By | July 7, 2010, 3:42pm PDT

Summary: The calendar has taken many forms since mobile devices hit popular culture in the last two decades. But have students forgotten the values of keeping on track and up to date?

Sometimes it takes a good knock on the head to see certain things that have been staring you in the face for days, weeks, months or even years.

Do you know how I remember to get things done? Honestly, I write things on my left hand in pen, usually for short-term memory such as picking up milk, cat food and suchlike. But, more often than not my BlackBerry buzzes and alerts me to an imminent house party or a meeting I totally forgot about.

But it’s not through my own efforts to remember to attend an event by inputting manually the time, date and place into my phone’s calendar.
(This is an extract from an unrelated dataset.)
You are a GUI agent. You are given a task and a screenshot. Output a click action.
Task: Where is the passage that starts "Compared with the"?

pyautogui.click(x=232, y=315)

Facebook does it for me, as does Outlook and other services that I use; all over the air and sync’d automatically to remind me to be somewhere and do something (and on occasion, be someone else).
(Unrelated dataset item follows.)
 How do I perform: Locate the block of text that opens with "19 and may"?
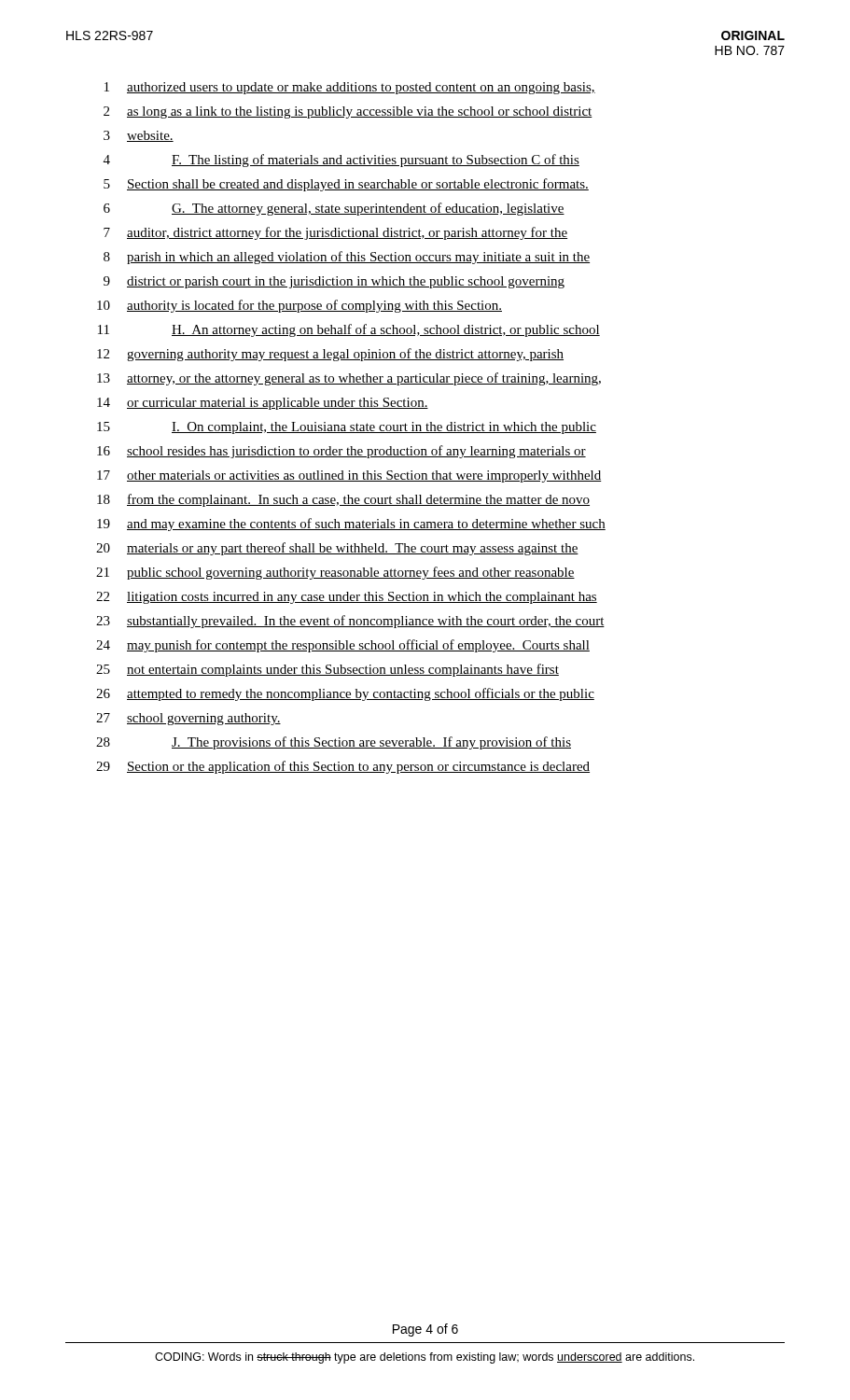point(425,524)
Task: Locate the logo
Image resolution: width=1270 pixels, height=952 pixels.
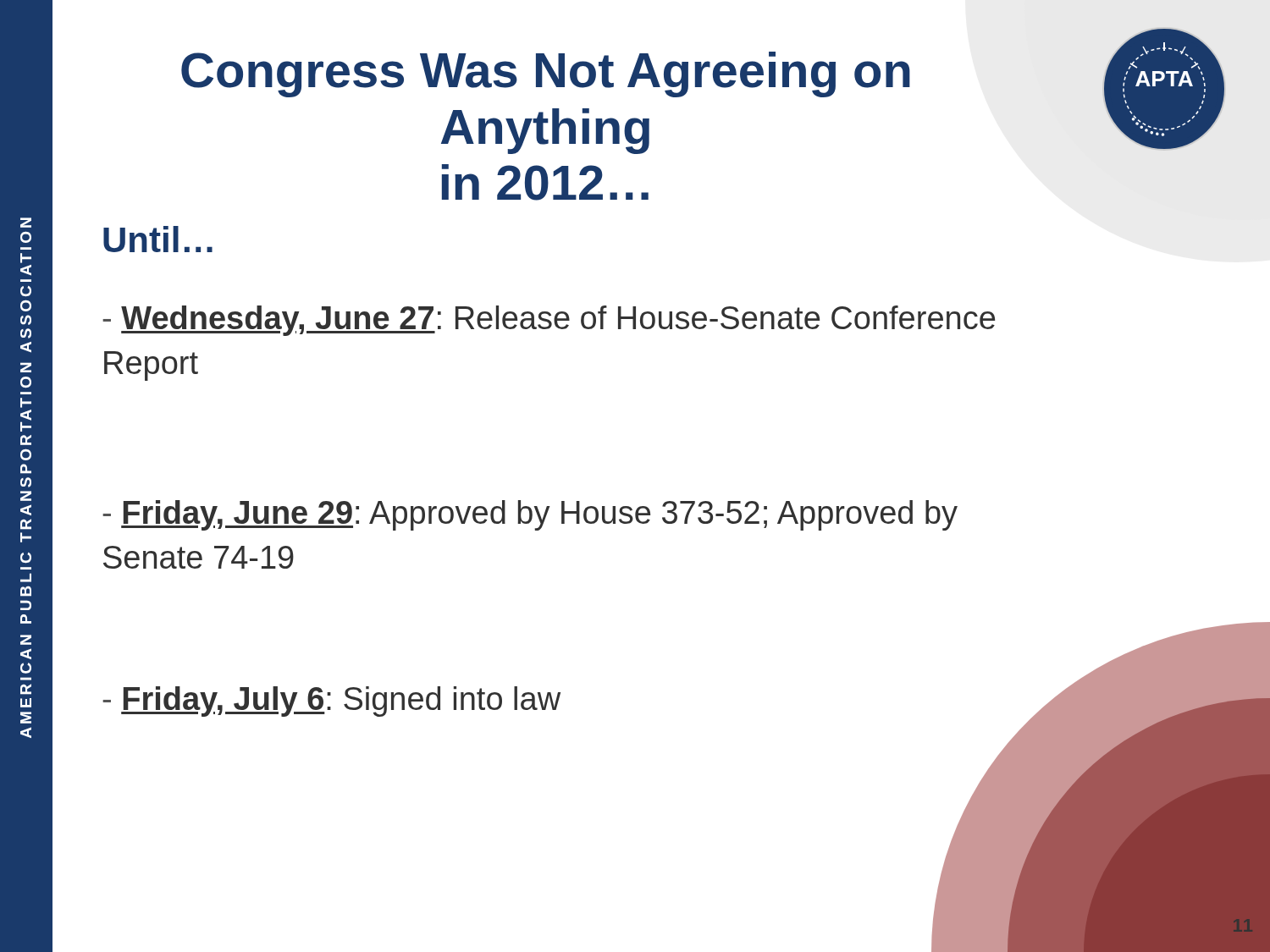Action: [x=1164, y=89]

With social networks being widely populated and capitalised with events and the broad access to such through mobile device applications, events along with contacts, email and media are being pushed over the air.
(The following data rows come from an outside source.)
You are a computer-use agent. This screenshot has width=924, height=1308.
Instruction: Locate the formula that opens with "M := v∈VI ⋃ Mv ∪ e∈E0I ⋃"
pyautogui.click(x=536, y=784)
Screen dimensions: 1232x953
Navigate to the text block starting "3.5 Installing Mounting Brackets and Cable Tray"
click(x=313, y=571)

Though, only a few moments ago when speaking to a press relations person, only just out of university herself, she carries a physical calendar with her as though to write something down commits it to memory. Many others though, including myself do not, thus resorting to our phones and electronic calendars to tell us where to go and what to do.

The calendar seems to be a thing of the past for the current generation of students. Yet important as it is to maintain a schedule and planning for future events, to input and maintain a calendar on the go just isn’t seen all that often nowadays, with the occasional exception of very few.

Has the mobile calendar been long forgotten by today’s students?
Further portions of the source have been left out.